May 1 08:31:48 centos51 kernel: UNSOLICITED:IN=eth1 OUT=
MAC=00:03:6d:17:df:1a:00:a0:ad:09:1d:88:08:00 SRC=148.78.249.202
DST=148.78.x.y LEN=105 TOS=0x00 PREC=0x00 TTL=60 ID=0 DF PROTO=UDP SPT=53
DPT=45236 LEN=85

Am Thu, 01 May 2008 22:11:47 +0000 schrieb Greg Russell:

> I am trying to log all instances of --state NEW packets on our interface
> to the Internet, and am occasionally getting some UDP packets that match
> the logging criteria from DNS nameservers:

Have fun with that, so it's pretty easy to get your host load up.


> Is there any reason why a nameserver in /etc/resolv.conf would be sending
> me unsolicited UDP packets? The iptables rule that causes the logging is:

The DNS didn't send you an unsolicited packet, it just answered you DNS
query and that is a new packet (udp ist stateless).

> -A INPUT -m state -i eth1 --state NEW -j LOG --log-level 7 \
> --log-prefix UNSOLICITED:
>
> and the logged entry for the first instance above is:
>
> May 1 08:31:48 centos51 kernel: UNSOLICITED:IN=eth1 OUT=
> MAC=00:03:6d:17:df:1a:00:a0:ad:09:1d:88:08:00 SRC=148.78.249.202
> DST=148.78.x.y LEN=105 TOS=0x00 PREC=0x00 TTL=60 ID=0 DF PROTO=UDP SPT=53
> DPT=45236 LEN=85

Logging every packet could lead to a DOS.

cheers

>> Is there any reason why a nameserver in /etc/resolv.conf would be sending
>> me unsolicited UDP packets? The iptables rule that causes the logging is:

>The DNS didn't send you an unsolicited packet, it just answered you DNS
>query and that is a new packet (udp ist stateless).

If UDP was really stateless, NAT boxes wouldn't know where to send
that type of responses.

I don't know much about iptables. I assume it either isn't setup
right for this problem or can't be setup correctly because it's missing
a critical feature.

--
These are my opinions, not necessarily my employer's. I hate spam.

Am Fri, 02 May 2008 02:00:17 -0500 schrieb Hal Murray:

> If UDP was really stateless, NAT boxes wouldn't know where to send
> that type of responses.

NAT is a totally different thing.
UDP is stateless (http://www.faqs.org/rfcs/rfc768.html)

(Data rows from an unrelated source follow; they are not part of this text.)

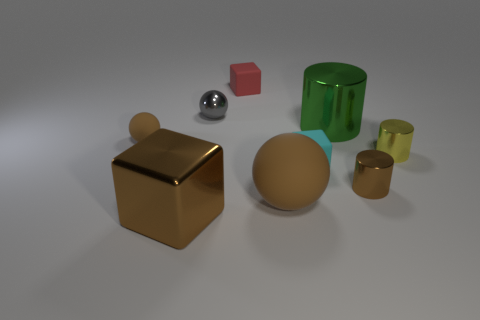Subtract all small cubes. How many cubes are left? 1 Subtract all spheres. How many objects are left? 6 Subtract 1 cubes. How many cubes are left? 2 Add 1 large green metal objects. How many objects exist? 10 Subtract all brown balls. How many balls are left? 1 Subtract 0 purple cylinders. How many objects are left? 9 Subtract all purple cylinders. Subtract all red cubes. How many cylinders are left? 3 Subtract all purple blocks. How many green balls are left? 0 Subtract all gray shiny spheres. Subtract all large things. How many objects are left? 5 Add 6 small red blocks. How many small red blocks are left? 7 
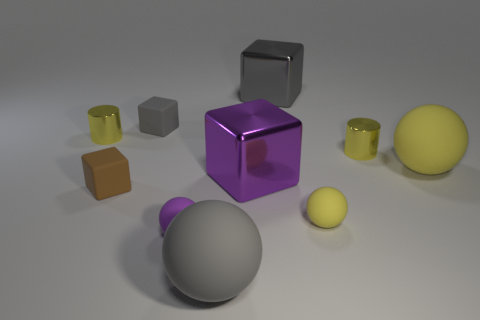Subtract all small gray rubber blocks. How many blocks are left? 3 Subtract all yellow spheres. How many spheres are left? 2 Subtract all cylinders. How many objects are left? 8 Subtract 4 spheres. How many spheres are left? 0 Subtract all brown cylinders. Subtract all green spheres. How many cylinders are left? 2 Subtract all red spheres. How many purple cylinders are left? 0 Subtract all big purple metal objects. Subtract all small yellow metal things. How many objects are left? 7 Add 3 small gray rubber objects. How many small gray rubber objects are left? 4 Add 4 yellow spheres. How many yellow spheres exist? 6 Subtract 1 yellow spheres. How many objects are left? 9 
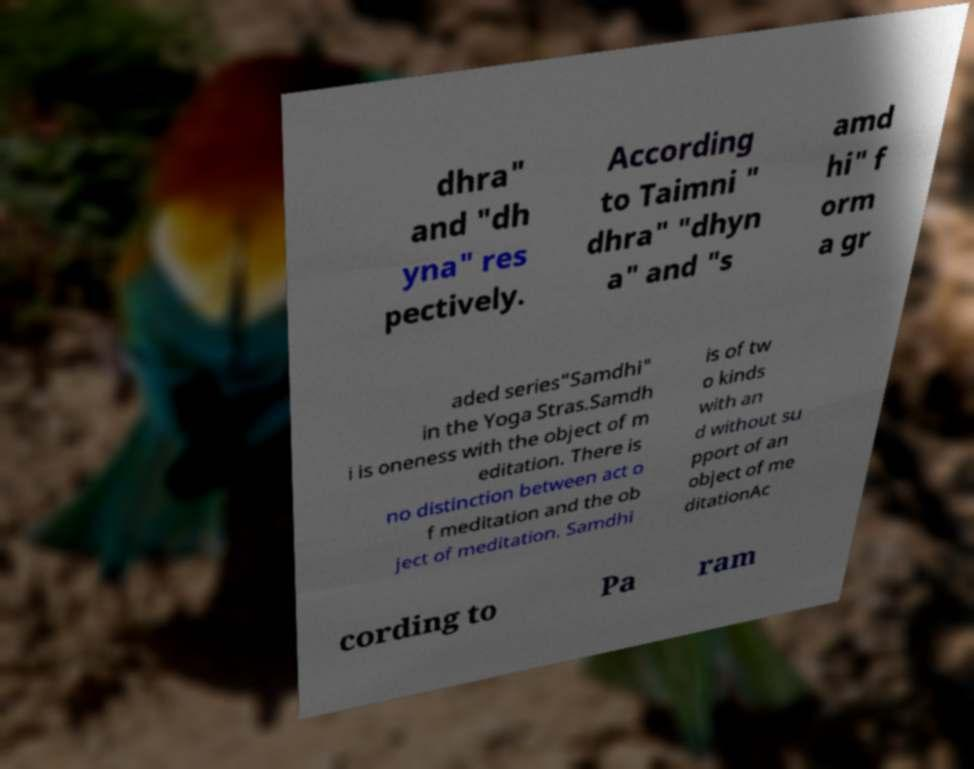For documentation purposes, I need the text within this image transcribed. Could you provide that? dhra" and "dh yna" res pectively. According to Taimni " dhra" "dhyn a" and "s amd hi" f orm a gr aded series"Samdhi" in the Yoga Stras.Samdh i is oneness with the object of m editation. There is no distinction between act o f meditation and the ob ject of meditation. Samdhi is of tw o kinds with an d without su pport of an object of me ditationAc cording to Pa ram

>NAT is a totally different thing.
>UDP is stateless (http://www.faqs.org/rfcs/rfc768.html)

Even through the RFC says it is stateless, there is enough
information so that NAT boxes can do their thing.

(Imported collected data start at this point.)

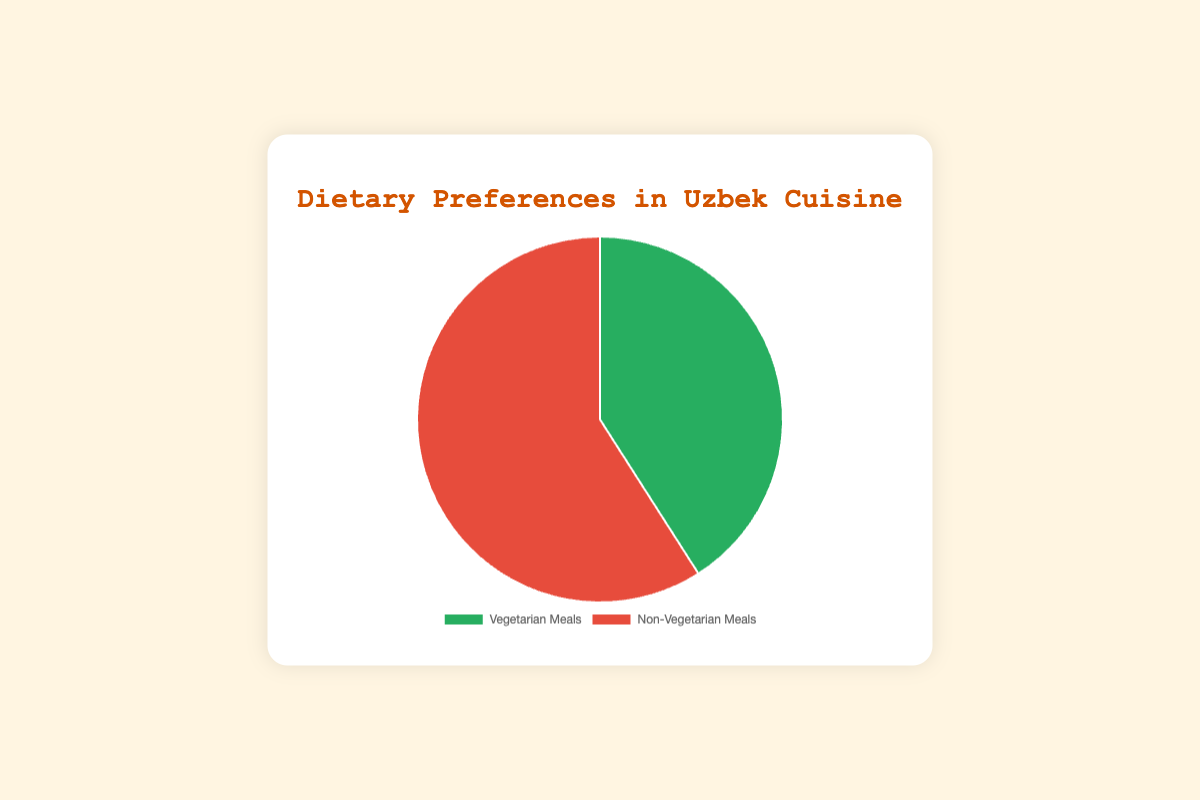What are the total servings of meals shown in the chart? The chart shows two categories of meals: Vegetarian Meals with 430 servings and Non-Vegetarian Meals with 620 servings. Adding these two values together gives the total. \(430 + 620 = 1050\)
Answer: 1050 Which category has a higher number of servings, Vegetarian Meals or Non-Vegetarian Meals? Comparing the two categories, Vegetarian Meals have 430 servings and Non-Vegetarian Meals have 620 servings. Non-Vegetarian Meals have more servings.
Answer: Non-Vegetarian Meals By how much do the servings of Non-Vegetarian Meals exceed the servings of Vegetarian Meals? Subtract the number of Vegetarian Meal servings from the number of Non-Vegetarian Meal servings. \(620 - 430 = 190\)
Answer: 190 What percentage of the total servings are Vegetarian Meals? The total number of servings is 1050. The number of Vegetarian Meal servings is 430. \( \left( \frac{430}{1050} \right) \times 100 \approx 40.95\% \)
Answer: about 41% What is the ratio of Non-Vegetarian Meals to Vegetarian Meals? The number of Non-Vegetarian Meals is 620 and Vegetarian Meals is 430. The ratio is \( \frac{620}{430} \approx 1.44 \) or simplified, 620:430 is approximately 1.44:1.
Answer: approximately 1.44:1 How many more servings of Plov with Lamb are there compared to Lagman? There are 200 servings of Plov with Lamb and 80 servings of Lagman. Subtract \(200 - 80 = 120\)
Answer: 120 If you combine the servings of Plov with Lamb and Plov, how many servings would there be in total? The servings of Plov with Lamb are 200, and Plov is 150. Adding these together gives \(200 + 150 = 350\)
Answer: 350 By how much do the servings of Non-Vegetarian Main Courses exceed the Vegetarian Main Courses? For simplicity, consider Plov, Lagman, and Manti as Vegetarian main courses totaling: \( 150 + 80 + 60 = 290 \). For Non-Vegetarian, consider Plov with Lamb, Shashlik, and Kazakh Kazy totaling: \( 200 + 180 + 50 = 430 \). The difference is \( 430 - 290 = 140 \)
Answer: 140 
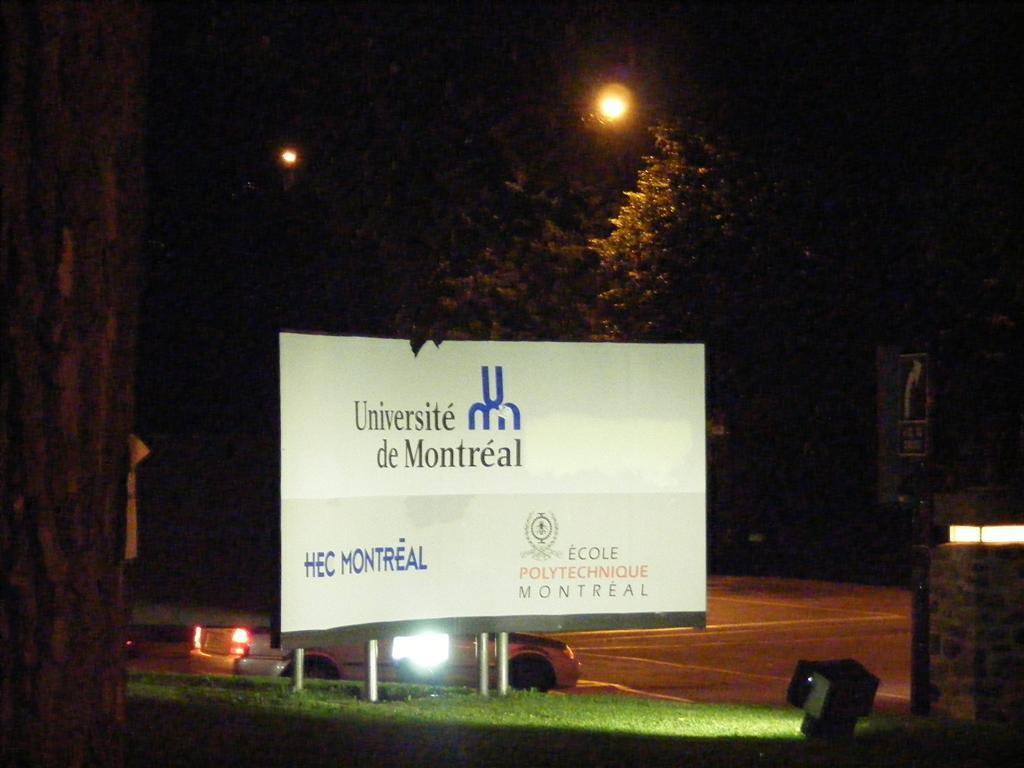Where is this university?
Your response must be concise. Montreal.

If the goal is to make iptables not get confused by
answers to UDP packets, it might be a good idea to
copy whatever tricks NAT is using.

--
These are my opinions, not necessarily my employer's. I hate spam.

Am Fri, 02 May 2008 02:50:31 -0500 schrieb Hal Murray:

> Even through the RFC says it is stateless, there is enough
> information so that NAT boxes can do their thing.

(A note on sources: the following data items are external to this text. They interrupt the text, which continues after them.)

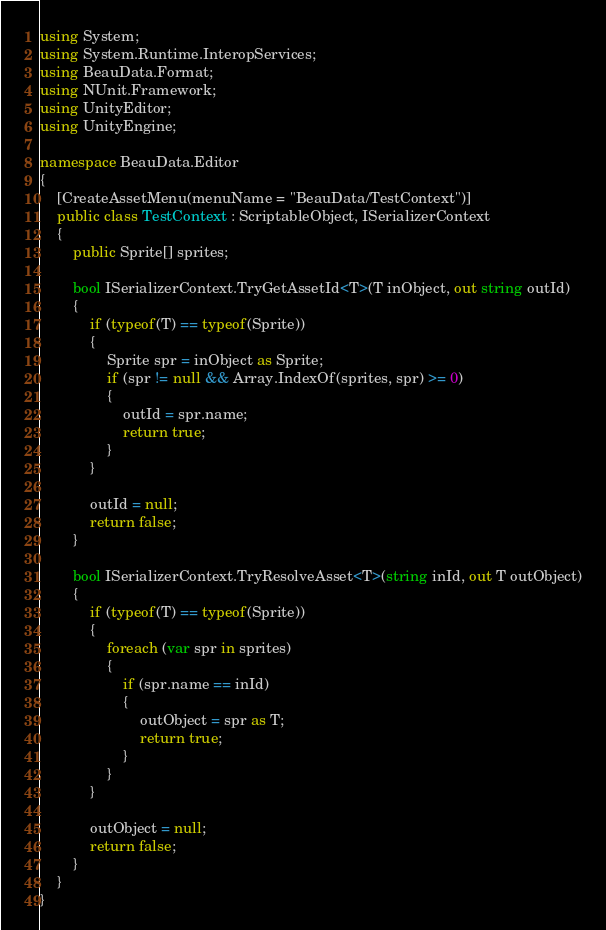Convert code to text. <code><loc_0><loc_0><loc_500><loc_500><_C#_>using System;
using System.Runtime.InteropServices;
using BeauData.Format;
using NUnit.Framework;
using UnityEditor;
using UnityEngine;

namespace BeauData.Editor
{
    [CreateAssetMenu(menuName = "BeauData/TestContext")]
    public class TestContext : ScriptableObject, ISerializerContext
    {
        public Sprite[] sprites;

        bool ISerializerContext.TryGetAssetId<T>(T inObject, out string outId)
        {
            if (typeof(T) == typeof(Sprite))
            {
                Sprite spr = inObject as Sprite;
                if (spr != null && Array.IndexOf(sprites, spr) >= 0)
                {
                    outId = spr.name;
                    return true;
                }
            }

            outId = null;
            return false;
        }

        bool ISerializerContext.TryResolveAsset<T>(string inId, out T outObject)
        {
            if (typeof(T) == typeof(Sprite))
            {
                foreach (var spr in sprites)
                {
                    if (spr.name == inId)
                    {
                        outObject = spr as T;
                        return true;
                    }
                }
            }

            outObject = null;
            return false;
        }
    }
}</code>

Sure, e.g.: cat /proc/net/ip_conntrack

> If the goal is to make iptables not get confused by
> answers to UDP packets, it might be a good idea to
> copy whatever tricks NAT is using.

No, I don't agree if you log every new packet it fills just the logfile.
That means more I/O to system (logfile) and if there is no seperate
partition for /var/log, huge logfiles will stop the systems
(e.g. root-partition full)
In my opinion it doesen't make sense to log so paranoid, hut anyway
everybody can do what he want.

cheers

Hello,

Burkhard Ott a écrit :
> Am Fri, 02 May 2008 02:00:17 -0500 schrieb Hal Murray:
>
>>If UDP was really stateless, NAT boxes wouldn't know where to send
>>that type of responses.
>
> NAT is a totally different thing.

Not so much. Stateful NAT relies on connection tracking.

> UDP is stateless (http://www.faqs.org/rfcs/rfc768.html)

Even though UDP is stateless by design, the Netfilter connection
tracking maintains some state information about UDP flows, so a
bidirectionnal UDP flow with packets in each direction having
source/destination addresses and ports swapped is considered a connection.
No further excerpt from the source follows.